WORK ITEM: Please retype the listing below word for word and exclude its images.

INPUT DATA:

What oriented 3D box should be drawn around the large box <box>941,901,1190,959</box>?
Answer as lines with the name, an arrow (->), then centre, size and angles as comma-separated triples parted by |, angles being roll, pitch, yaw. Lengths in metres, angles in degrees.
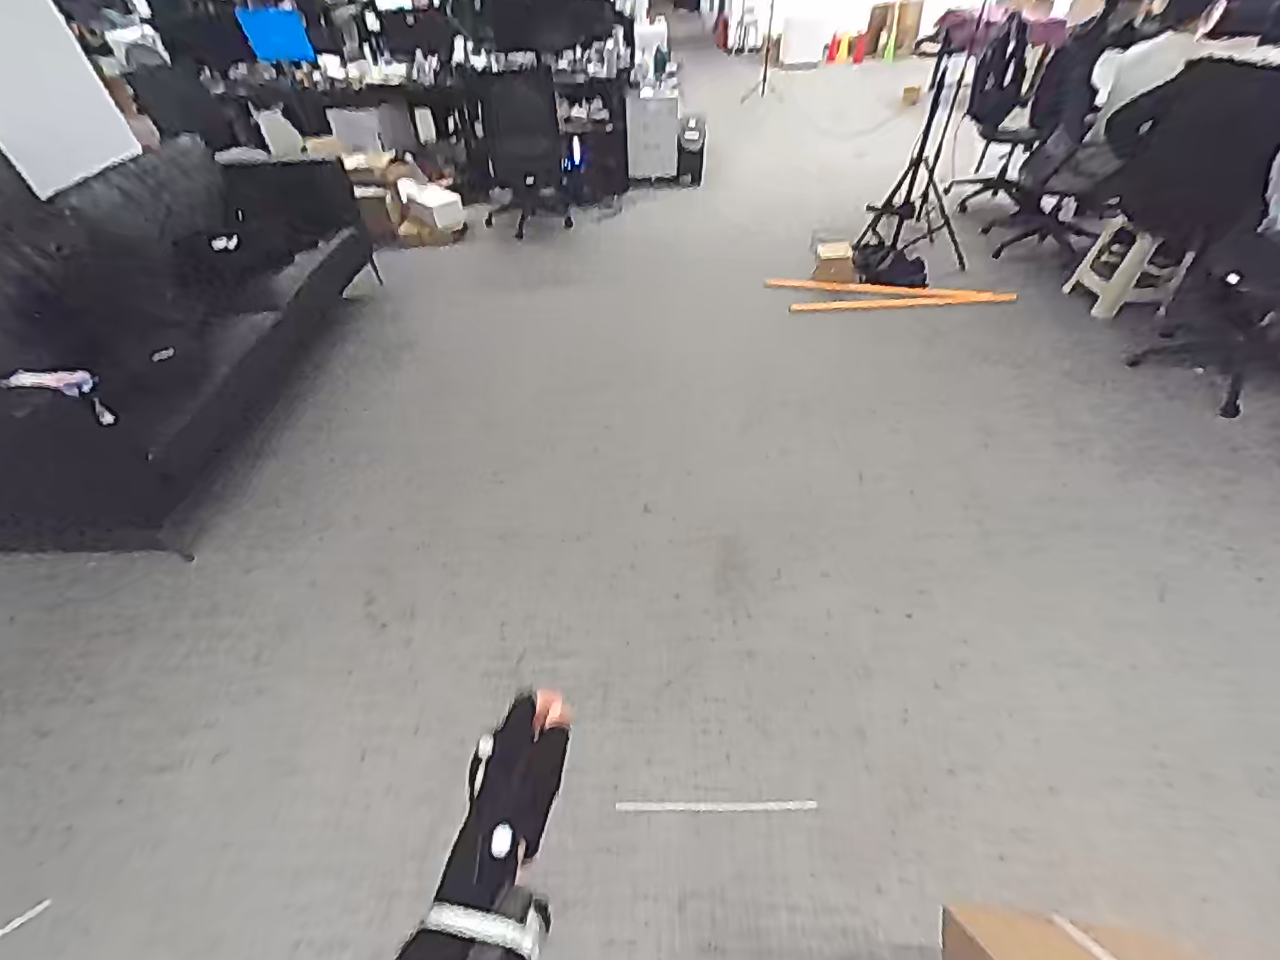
large box -> 0.556, 0.731, 0.550 | 0.320, 0.408, 0.320 | 6, 78, 4

WRITTEN SOLUTION:
What oriented 3D box should be drawn around the large box <box>941,901,1190,959</box>?
Answer as lines with the name, an arrow (->), then centre, size and angles as comma-separated triples parted by |, angles being roll, pitch, yaw. Lengths in metres, angles in degrees.
large box -> 0.556, 0.731, 0.550 | 0.320, 0.408, 0.320 | 6, 78, 4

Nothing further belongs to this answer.